## [Supplied entries]
- - -

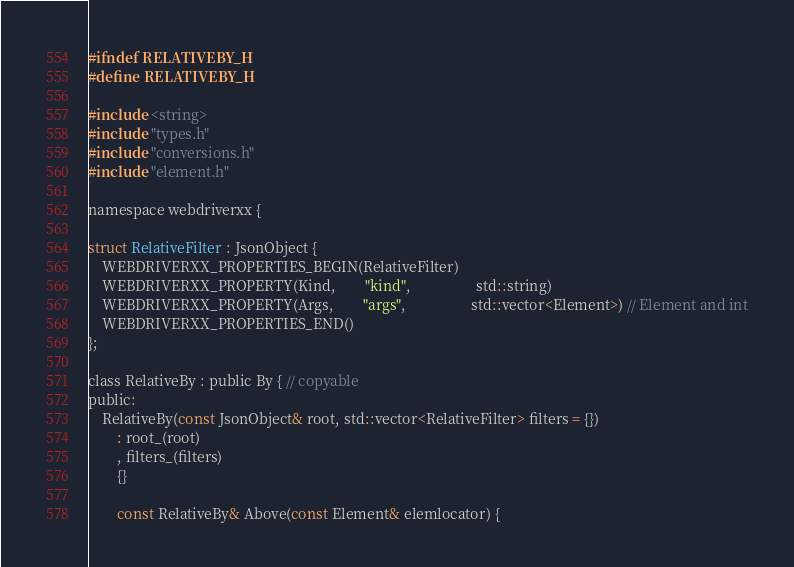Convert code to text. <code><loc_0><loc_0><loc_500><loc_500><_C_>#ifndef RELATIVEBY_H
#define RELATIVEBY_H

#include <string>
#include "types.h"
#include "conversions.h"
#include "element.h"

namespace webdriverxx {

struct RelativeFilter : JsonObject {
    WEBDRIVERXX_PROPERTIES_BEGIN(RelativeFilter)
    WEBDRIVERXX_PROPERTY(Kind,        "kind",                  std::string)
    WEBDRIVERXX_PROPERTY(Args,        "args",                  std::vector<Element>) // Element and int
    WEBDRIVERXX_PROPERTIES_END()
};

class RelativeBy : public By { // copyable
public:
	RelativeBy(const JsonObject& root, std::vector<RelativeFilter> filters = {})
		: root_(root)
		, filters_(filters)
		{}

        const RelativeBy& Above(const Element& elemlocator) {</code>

- - -

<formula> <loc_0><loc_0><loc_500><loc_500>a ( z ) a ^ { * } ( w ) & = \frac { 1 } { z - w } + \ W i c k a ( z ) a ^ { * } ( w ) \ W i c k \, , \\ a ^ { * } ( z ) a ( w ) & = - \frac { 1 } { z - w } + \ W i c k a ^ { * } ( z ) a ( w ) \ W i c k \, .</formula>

- - -

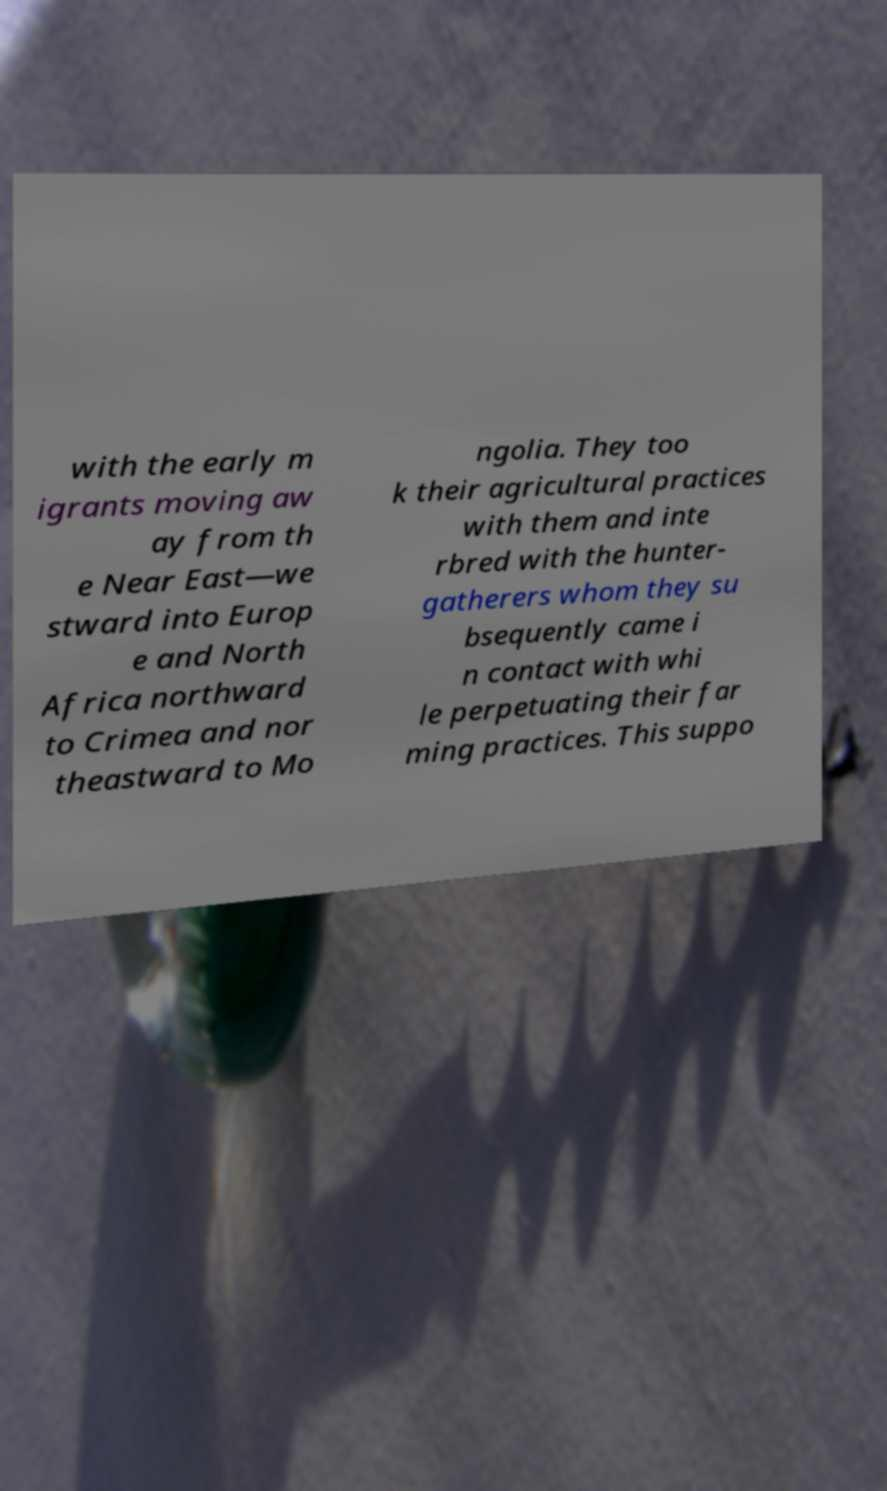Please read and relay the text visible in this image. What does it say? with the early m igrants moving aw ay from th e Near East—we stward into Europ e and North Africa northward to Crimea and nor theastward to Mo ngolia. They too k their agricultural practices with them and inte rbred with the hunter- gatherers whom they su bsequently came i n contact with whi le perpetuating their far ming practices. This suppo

- - -

## [Exercise details]
Every line above that holds the string "const" should be copied into the answer.

## [Reply to the exercise]
	RelativeBy(const JsonObject& root, std::vector<RelativeFilter> filters = {})
        const RelativeBy& Above(const Element& elemlocator) {</code>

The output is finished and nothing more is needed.